A study by the Sutton Trust educational charity in April found that English students were graduating with the highest levels of academic debt in the English-speaking world, at an average of £44,000. Students from the United States graduated with an average of just over £20,500, Canada £15,000, Australia £20,900, and New Zealand £23,300. For the poorest university students, hit by the recent abolition of the maintenance grant, average graduation debt was over £50,000.
Ultimately, according to a similar study conducted by the Sutton Trust and Institute for Fiscal Studies (IFS) in 2014, 45 percent of graduates will have to pay back more than they initially borrowed. The vast majority (nearly three quarters) will be unable to repay their loans in full and will remain in debt until 30 years after their graduation.
The effects of such crippling levels of individual debt on poorer students is made plain by a recent IFS report, which found that graduates from richer backgrounds earned more on average than graduates from poorer backgrounds with identical degrees. The income gap between the richest 20 percent of graduates and the remaining 80 percent was £8,000 a year for men and £5,300 a year for women.
In part, this is a reflection of the social advantages held by the rich in the form of networks of family connections, more widely available internships and the like. However, it also indicates the impact of debt on richer and poorer students, with those from disadvantaged backgrounds less able to wait for more lucrative employment opportunities and pressured to take the first jobs that come their way. The data used by the IFS was acquired throughout the years 1998-2011, before the tripling of tuition fees.
The government’s guarantee that debt will be written off after 30 years, under conditions where public spending is being slashed to an unprecedented degree, simply amounts to a promise to make further assaults on workers and youth to fund a failing university policy. Under measures outlined in the recent White Paper on education, students from poorer backgrounds will be pushed out of top-tier education entirely.
The full implications of the government’s tripling of tuition fees in 2010-12 are now clear. Concerns over debt have already caused a collapse in part-time university enrollment.
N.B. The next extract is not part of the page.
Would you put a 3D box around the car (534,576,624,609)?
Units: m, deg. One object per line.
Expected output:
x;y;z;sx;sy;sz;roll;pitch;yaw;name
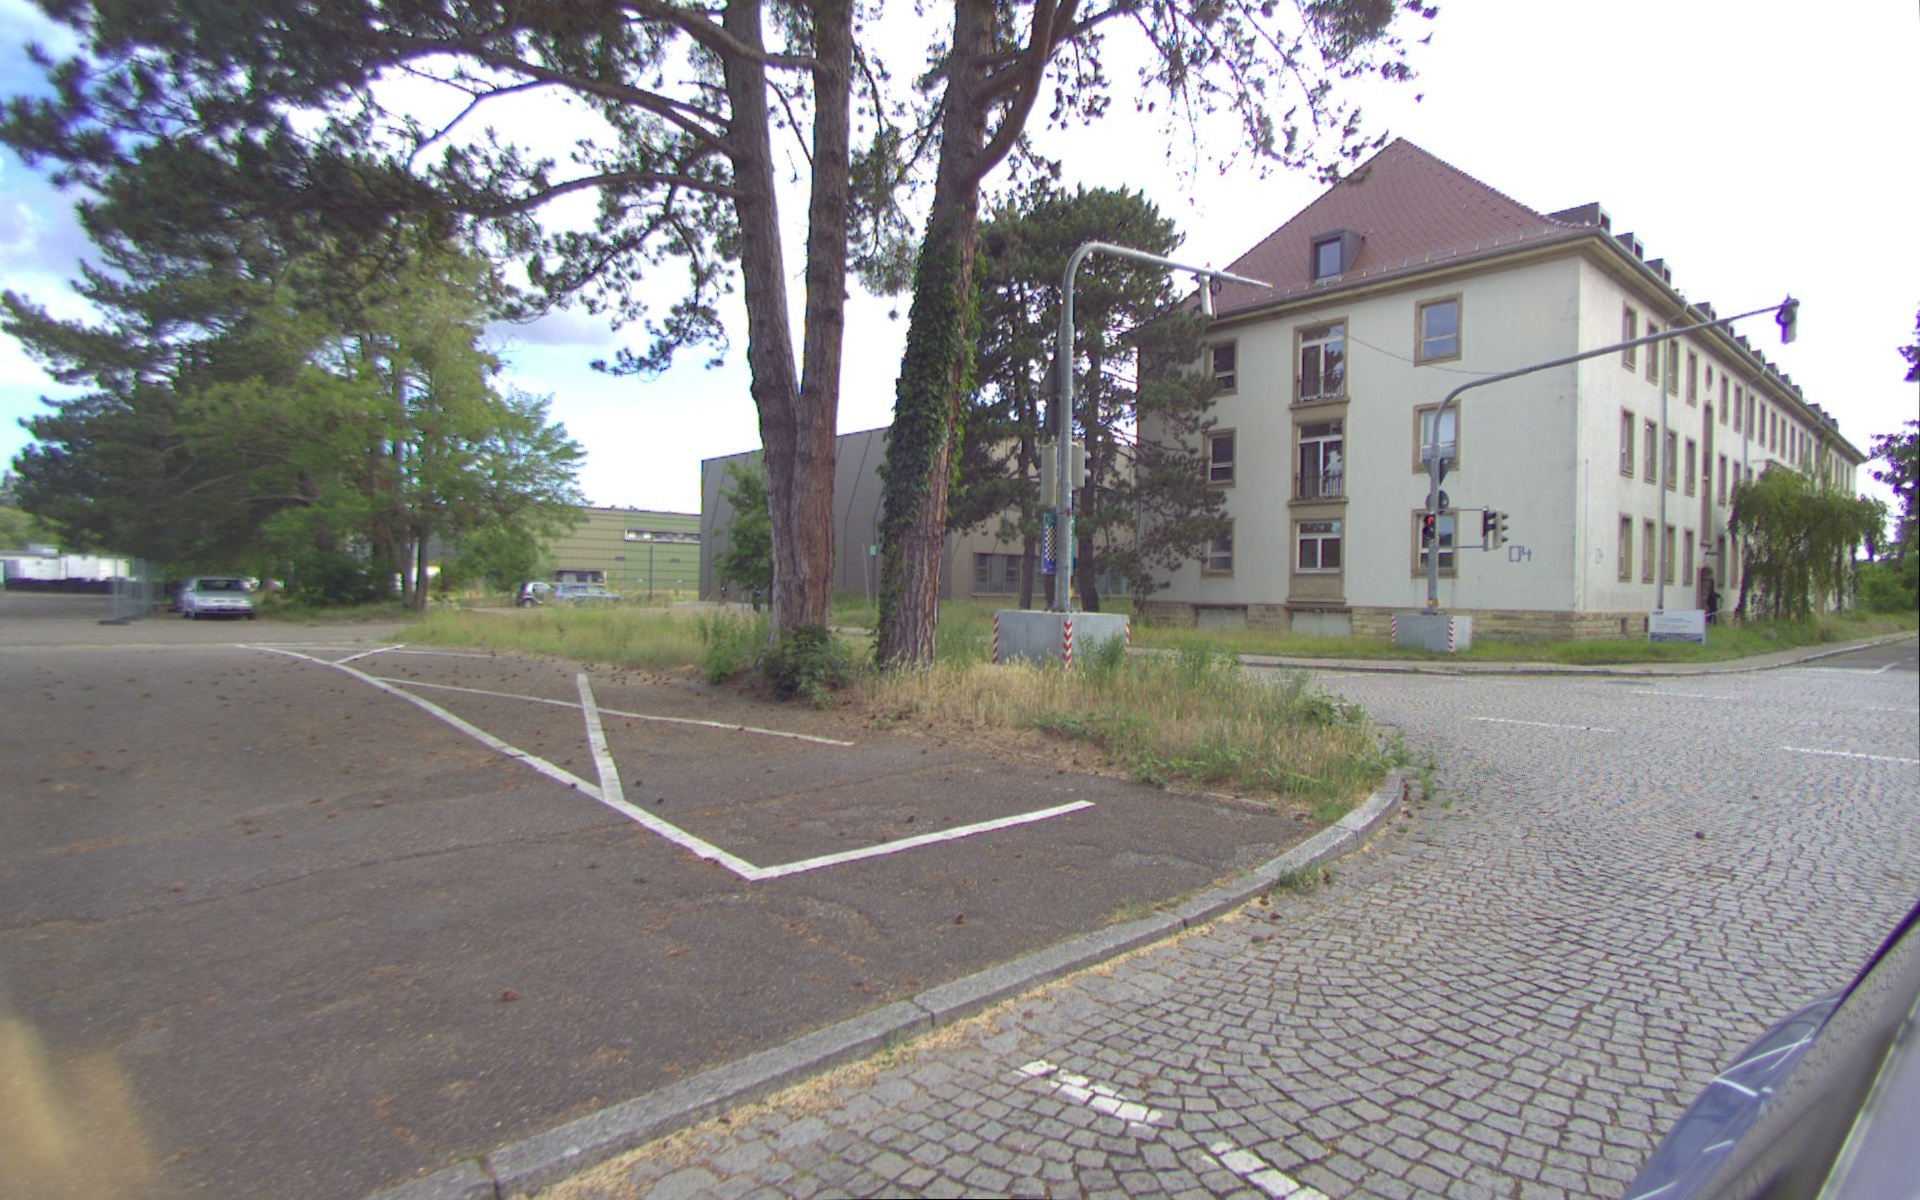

As the scale of student loan repayments becomes known and the cost-of-living crisis bites more sharply, we can expect growing numbers of disadvantaged students to follow the same path and forego higher education altogether.
As the World Socialist Web Site wrote in 2011, following the vote on raising fees, “A high quality and comprehensive education will increasingly become the preserve of the wealthy elite, as the soaring costs of further and higher education will fast become prohibitive for the vast majority of working families.”